Las pequeñas cosas
El título en francés, No mentirás, es más explícito en cuanto al tema de este drama irlandés inspirado en una historia real. Sin embargo, el título original, Small Things Like These (literalmente «las pequeñas cosas como estas»), refleja mejor su enfoque. Porque no se trata de una de esas películas que recitan, con desdén, una página de Wikipedia. Se centra precisamente en las «pequeñas cosas» que, con el tiempo, revelan un malestar y una injusticia profundas de las que nadie quiere hablar.

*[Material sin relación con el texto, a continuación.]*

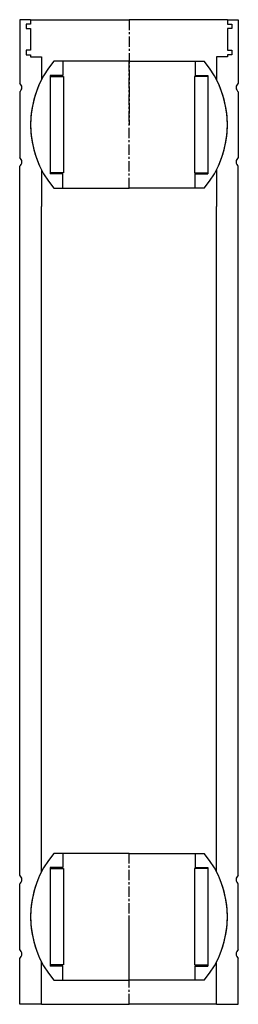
# Model space of a CAD drawing. Extents: x -50 to 50, y 0 to 450.
import ezdxf

# ---------------------------------------------------------------- set-up
doc = ezdxf.new("R2010")
doc.units = 0
doc.header["$LTSCALE"] = 0.15
doc.linetypes.add('CENTER', pattern=[50.8, 31.75, -6.35, 6.35, -6.35])
doc.layers.get('0').update_dxf_attribs({"linetype": 'CONTINUOUS'})
doc.layers.add('CENTER', color=9, linetype='CENTER')

# ---------------------------------------------------------------- blocks, each defined once
blk = doc.blocks.new('M50-205')
for p, q in [((-50, 450), (-50, 421)), ((-45, 450), (-50, 450)), ((-45, 450), (0, 450)), ((-45, 450), (-45, 448)), ((45, 450), (0, 450)), ((45, 450), (45, 448)), ((45, 450), (50, 450)), ((50, 450), (50, 421)), ((-45, 448), (-47, 448)), ((-47, 448), (-47, 446)), ((-47, 446), (-45, 446)), ((-45, 446), (-45, 436)), ((45, 448), (47, 448)), ((45, 446), (45, 436)), ((47, 446), (45, 446)), ((47, 448), (47, 446)), ((-47, 436), (-47, 434)), ((-45, 436), (-47, 436)), ((-47, 434), (-45, 434)), ((-45, 434), (-45, 433)), ((-45, 433), (-40, 433)), ((-40, 433), (-40, 422.62)), ((45, 433), (40, 433)), ((40, 433), (40, 422.62)), ((45, 436), (47, 436)), ((45, 434), (45, 433)), ((47, 434), (45, 434)), ((47, 436), (47, 434)), ((-50, 417), (-50, 387)), ((50, 417), (50, 387)), ((-50, 150), (-50, 383)), ((50, 150), (50, 383)), ((-40, 381.38), (-40, 364.63)), ((40, 381.38), (40, 364.63)), ((-40, 150), (-40, 364.63)), ((40, 150), (40, 364.63)), ((-50, 59), (-50, 150)), ((-40, 60.62), (-40, 150)), ((40, 60.62), (40, 150)), ((50, 59), (50, 150)), ((-50, 25), (-50, 55)), ((50, 25), (50, 55)), ((-50, 0), (-50, 21)), ((-40, 0), (-40, 19.38)), ((40, 0), (40, 19.38)), ((50, 0), (50, 21)), ((-40, 0), (-50, 0)), ((-40, 0), (0, 0)), ((40, 0), (0, 0)), ((40, 0), (50, 0))]:
    blk.add_line(p, q)
for centre, radius, start, end in [((-51.5, 419), 2.5, 306.8699, 53.1301), ((0, 402), 45, 152.734, 207.266), ((0, 402), 45, 332.734, 27.266), ((51.5, 419), 2.5, 126.8699, 233.1301), ((-51.5, 385), 2.5, 306.8699, 53.1301), ((51.5, 385), 2.5, 126.8699, 233.1301), ((-51.5, 57), 2.5, 306.8699, 53.1301), ((0, 40), 45, 152.734, 207.266), ((0, 40), 45, 332.734, 27.266), ((51.5, 57), 2.5, 126.8699, 233.1301), ((-51.5, 23), 2.5, 306.8699, 53.1301), ((51.5, 23), 2.5, 126.8699, 233.1301)]:
    blk.add_arc(centre, radius, start, end)
at = {"layer": 'CENTER'}
for p, q in [((0, 450), (0, 402)), ((0, 0), (0, 40))]:
    blk.add_line(p, q, dxfattribs=at)
blk = doc.blocks.new('Ball-060090')
for p, q in [((0, 29), (-34.41, 29)), ((-30.25, 29), (-30.25, 22.5)), ((0, 29), (34.41, 29)), ((30.25, 29), (30.25, 22.5)), ((-36, 22.5), (-36, -22.5)), ((-30.25, 22.5), (-36, 22.5)), ((-36, 22), (-30, 22)), ((-30, 22), (-30, -22)), ((30, 22), (30, -22)), ((36, 22), (30, 22)), ((30.25, 22.5), (36, 22.5)), ((36, 22.5), (36, -22.5)), ((-30, -22), (-36, -22)), ((30, -22), (36, -22)), ((-30.25, -22.5), (-36, -22.5)), ((-30.25, -29), (-30.25, -22.5)), ((30.25, -22.5), (36, -22.5)), ((30.25, -29), (30.25, -22.5)), ((-34.41, -29), (0, -29)), ((34.41, -29), (0, -29))]:
    blk.add_line(p, q)
for start, end in [(139.876, 220.124), (319.876, 40.124)]:
    blk.add_arc((0, 0), 45, start, end)
at = {"layer": 'CENTER'}
blk.add_line((0, -29), (0, 29), dxfattribs=at)

msp = doc.modelspace()

# ---------------------------------------------------------------- block references
for name, p in [('M50-205', (0, 0)), ('Ball-060090', (0, 402)), ('Ball-060090', (0, 40))]:
    msp.add_blockref(name, p)

doc.saveas('drawing.dxf')

¿Su técnica? Adoptar completamente la perspectiva de su protagonista, que no es una víctima directa del asunto relatado ni un héroe salido de una superproducción de Hollywood. No es sorprendente que Murphy haya estado interesado en el personaje de Bill Furlong, un repartidor de carbón en la Irlanda de los años 80. Él es, de hecho, el verdadero objeto de estudio de la película: un tipo normal, padre de familia y querido por su comunidad, que se encuentra inadvertidamente ante una violencia latente. De hecho, es mejor no saber nada sobre el asunto antes de ir a la proyección.
No hace falta decir que el actor es excelente en este papel exigente, asediado día a día por detalles del pasado y presente que saturan su conciencia. En la teoría, Small Things Like These se deleita en su primer acto y se detiene al relatar los hechos. Sin embargo, es esta elección la que le otorga relevancia: repasa los elementos que conducen al desencadenante y, por lo tanto, lo que realmente constituye la ley tácita del silencio, un pacto social malsano que, en última instancia, es más importante a ojos del cineasta que el momento en que se rompa. O no.

Salto al vacío
Si Cillian Murphy es particularmente hábil al mostrar los dilemas que enfrenta su personaje, la cámara de Tim Mielants (un antiguo mercenario de la televisión que pasó al largometraje en 2019) logra captar perfectamente este largo momento de indecisión que compone una buena parte de la trama. ¿Realmente ha visto lo que dice haber visto? La dirección se enfoca en este instante de confusión, en total oposición a los códigos del cine social más convencional, lo que podría provocar incredulidad.
Sin embargo, a pesar de su elenco (Eileen Walsh y Emily Watson interpretan los papeles secundarios principales), la película tiene el mérito de asumir su tema, sin dejarse llevar por la oscuridad de los verdaderos acontecimientos, un punto sombrío de la historia reciente irlandesa. El guionista Enda Walsh se niega a ceder a los elementos narrativos característicos del género dramático. Y es al final de su planteamiento que comprendemos su radicalidad. A través de los no-dichos y la incomodidad, presenta una realidad perfectamente cruel: los dilemas de Bill son insolubles.

Un diagnóstico desesperante que lleva a un final memorable, que juega intencionadamente con los códigos de la ficción contemporánea para involucrar al espectador y darle toda la medida del problema. Una excelente manera de eludir el final feliz que a menudo perjudica los «dramas basados en historias reales» y preservar el horror del asunto narrado. En España, el estreno de Small Things Like These impacta fuertemente en la actualidad, recordando cuán pertinente, e incluso necesario, es su rechazo a clasificar el asunto con un desenlace optimista.